Public Affairs Networking
23/02 – The aftermath of the Eurogroup meeting agreement

Greece continues to be the main topic in the Economic news today after the conclusion of the Eurogroup meetings this weekend. Most media agree on calling this outcome a “defeat” for Alexis Tsipras’ government and his rebellion against the established economic policies in the EU. In France, an article in Les Echos opens with the European Commission’s words saying precisely that there were no winners or losers in the agreement, however, L’Opinion publishes a piece by Eric Le Boucher where he explicitly mentions “Greece’s virtual surrender”, he also criticises Yanis Varoufakis attitude as one of the main causes for the failure.

In the UK, The Guardian’s leader writer points out Greece’s success was to raise awareness on the ill effects of austerity, while two articles in Financial Times show once again heavy criticism with Greece’s attitude during the whole negotiations. The Wall Street Journal focuses on the difficulties Tsipras will face at a PR level in his country by having accepted the agreement, while an article in the INYT suggests that the outcome was successful for Greece, since it was able to push its own reforms.

As usual, the tone of the German media is quite more hostile to Greece, with Berthold Kohler in FAZ claiming that keeping the country in the euro area would benefit Russia, or Ruth Berschens in Handelsblatt blaming it for creating distrust amongst the member states, all the while stating that the EU would survive a “Grexit” if necessary. The trust issue is raised as well by Commissioner Günther Oettinger in an interview, President Jean-Claude Juncker was interviewed as well, in WirtschaftsWoche, and he gave his opinion on the situation in Greece.

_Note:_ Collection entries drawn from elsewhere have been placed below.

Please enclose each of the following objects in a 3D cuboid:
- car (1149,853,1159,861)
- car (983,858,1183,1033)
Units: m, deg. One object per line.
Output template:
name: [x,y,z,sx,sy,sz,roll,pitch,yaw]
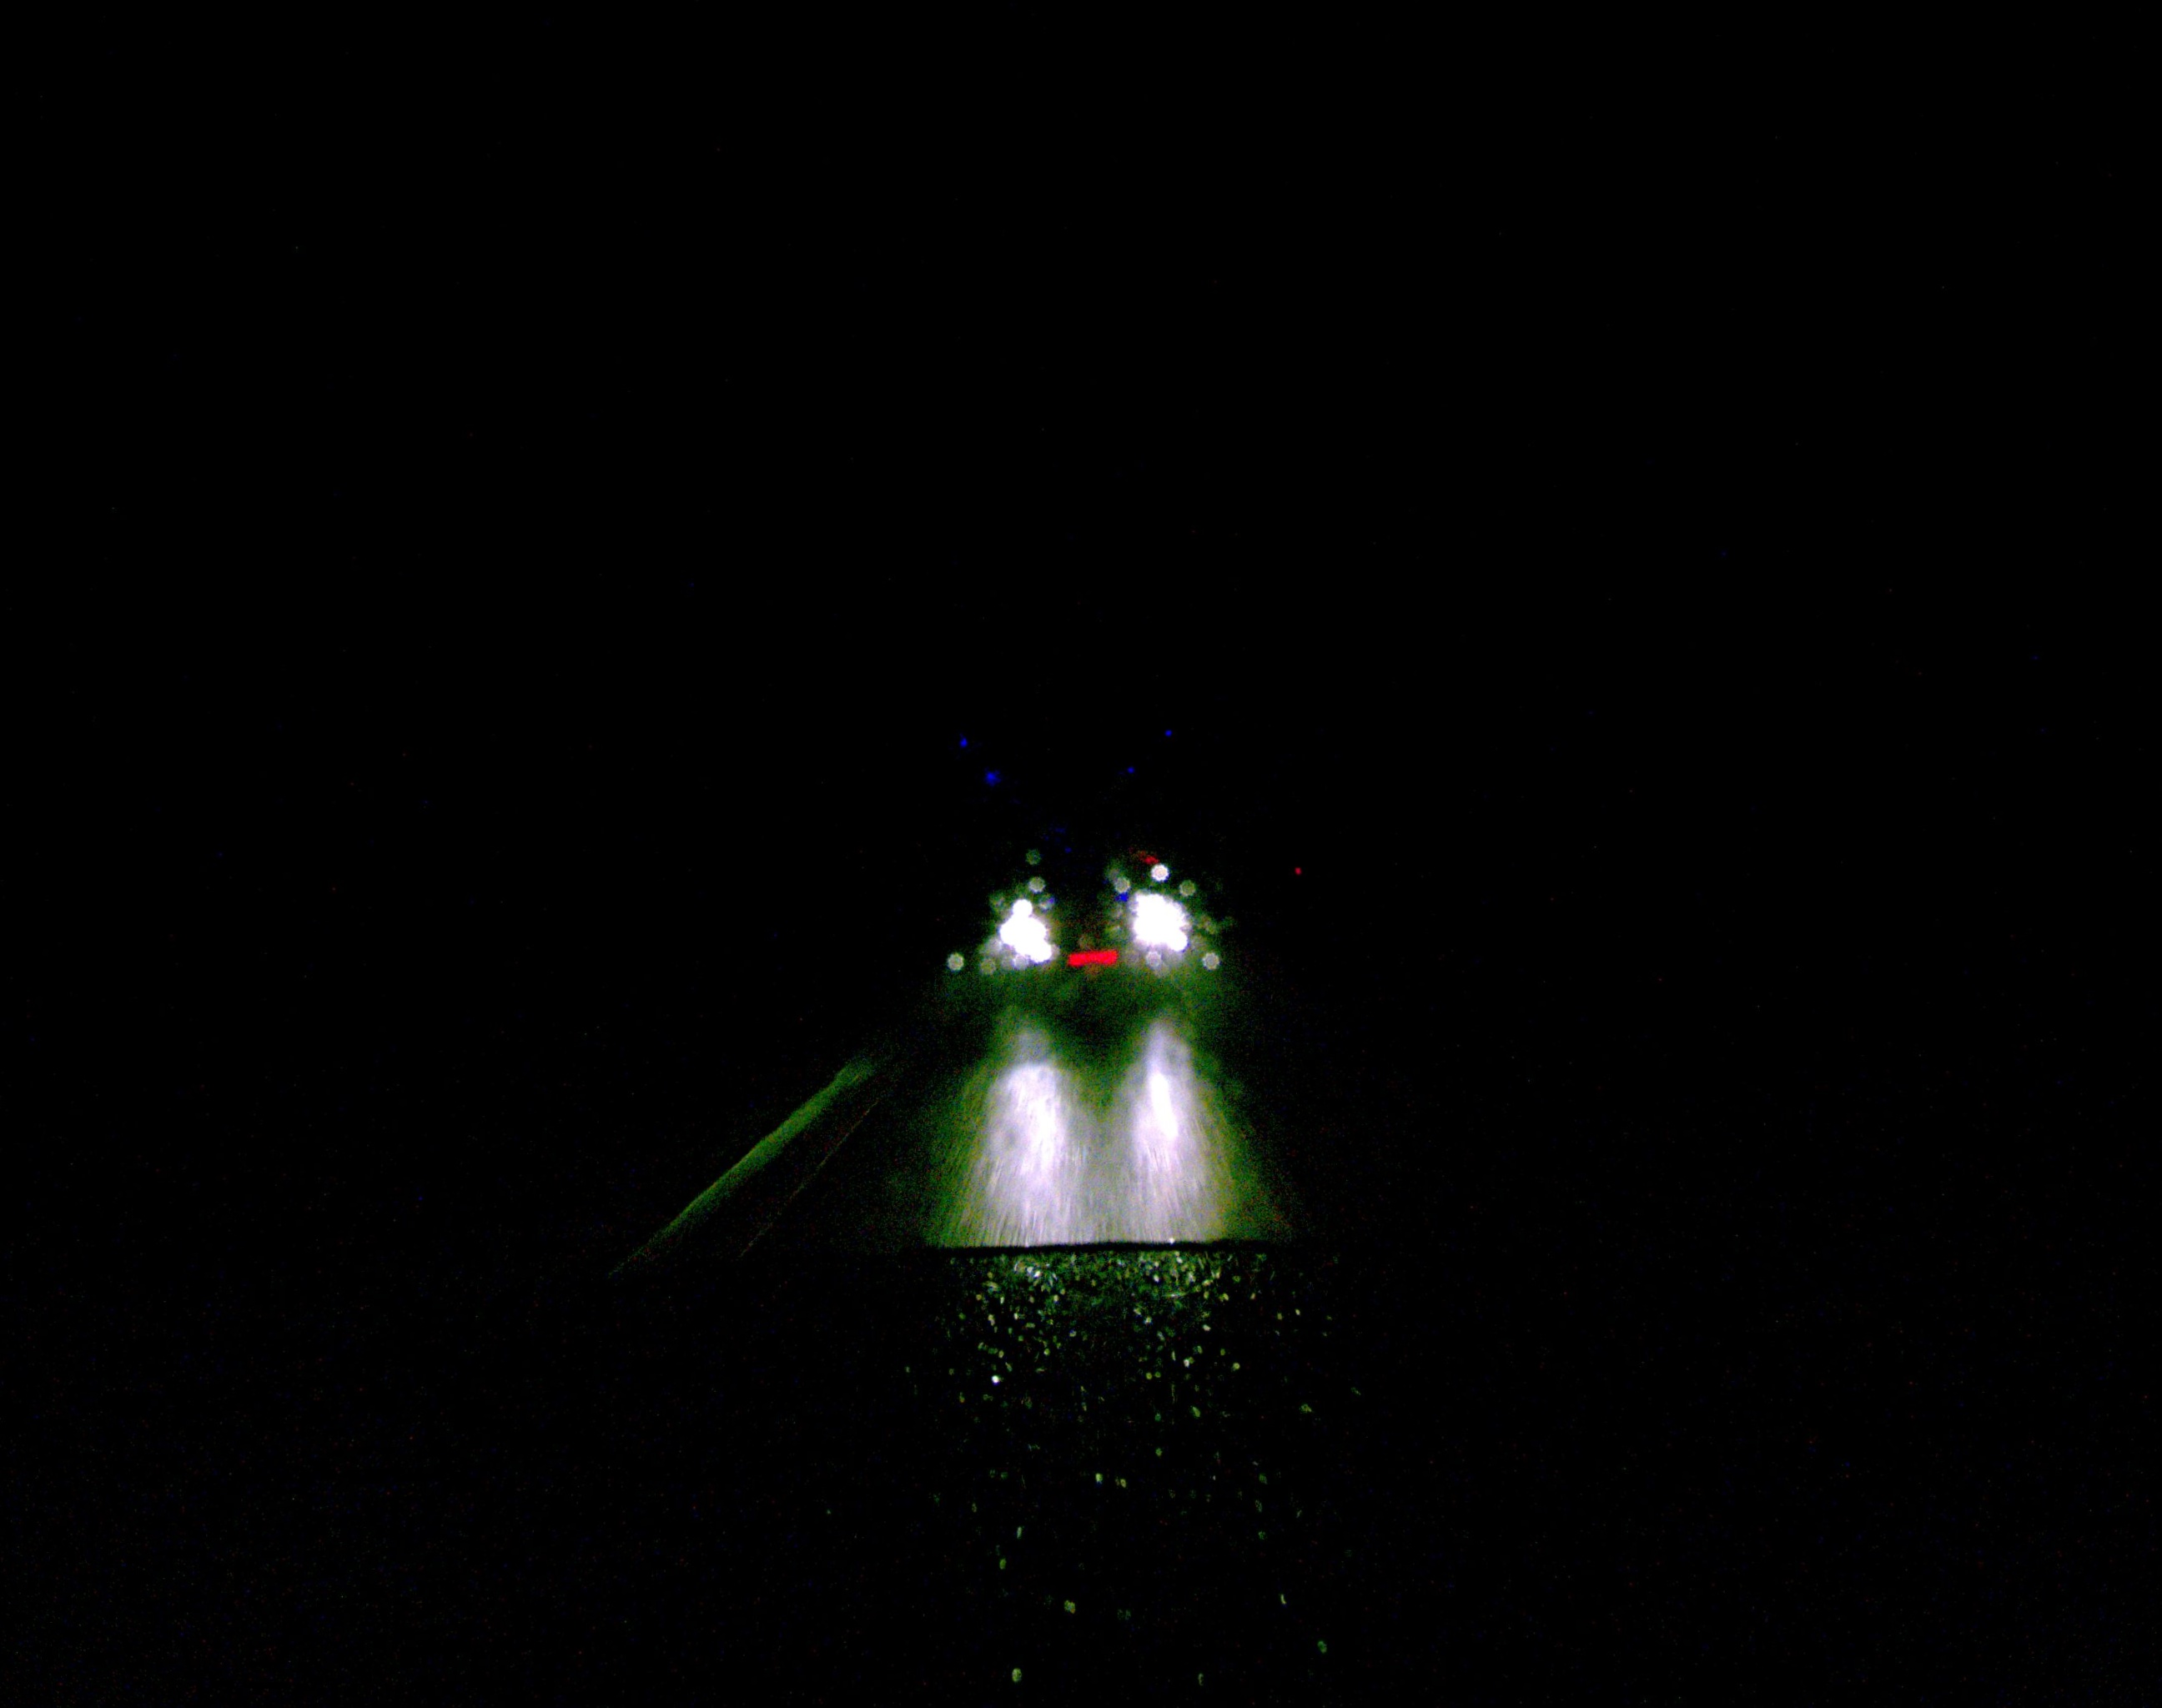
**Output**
car: [14.986,0.646,156.475,1.867,1.535,4.230,-2,-1,2]
car: [0.141,0.900,9.569,1.862,1.601,4.420,-3,0,3]

Other European leaders were interviewed as well, such as EP President Martin Schulz, who appears on Austria’s Kleine Zeitung to celebrate the agreement, showing a position closer to Greece, and blaming the EU’s fail to keep employment and social promises for the rise of populist movements. Der Standard walks the same line, considering the outcome a victory for Greece. The Spanish media seem to take a position more critical with Greece as well, with El País setting its focus on the divisions the agreement has opened in the midst of the Tsipras government, and ABC heavily criticising his actions in antagonising the euro area members and issuing a patronising warning for Tsipras to follow the Eurogroup’s lead.

In Italy, most media focus on the list of reforms the Greek government is supposed to send the Troika today, while Corriere della Sera points out it lacks the credibility to convince its euro area partners. La Repubblica publishes an interview with one of Varoufakis’ staff economists, who reveals German Finance Minister Wolfgang Schäuble’s continuous interruptions to the attempts to compromise on an extension of Greece’s bailout programme.

In Greece, the media are also focused on the list of reforms. Real News publishes a positive report on Jean-Claude Juncker’s intervention in the negotiations, stressing his contribution on overcoming deadlocks. The Greek media’s point of view is highly optimistic in the reforms to be presented and the continuation of Tsipras’ policies. In Portugal, Jornal de Notícias also publishes an interview with future Advisor to the EC President, José Silva Peneda, who sympathises with the harshness the Greek people are suffering because of the austerity measures, and criticised the Portuguese PM for being against Greece during the negotiations.

An opinion piece in Publico highlights the fact that Greece has been negotiating only with Germany, and not the whole of the euro area. In the Netherlands, De Volkskrant considers the Eurogroup “taught Syriza a few lessons” for its insolent behaviour. Another article in the same paper, as well as a third one in Trouw celebrates Eurogroup President Jeroen Dijsselbloem’s performance in the negotiations.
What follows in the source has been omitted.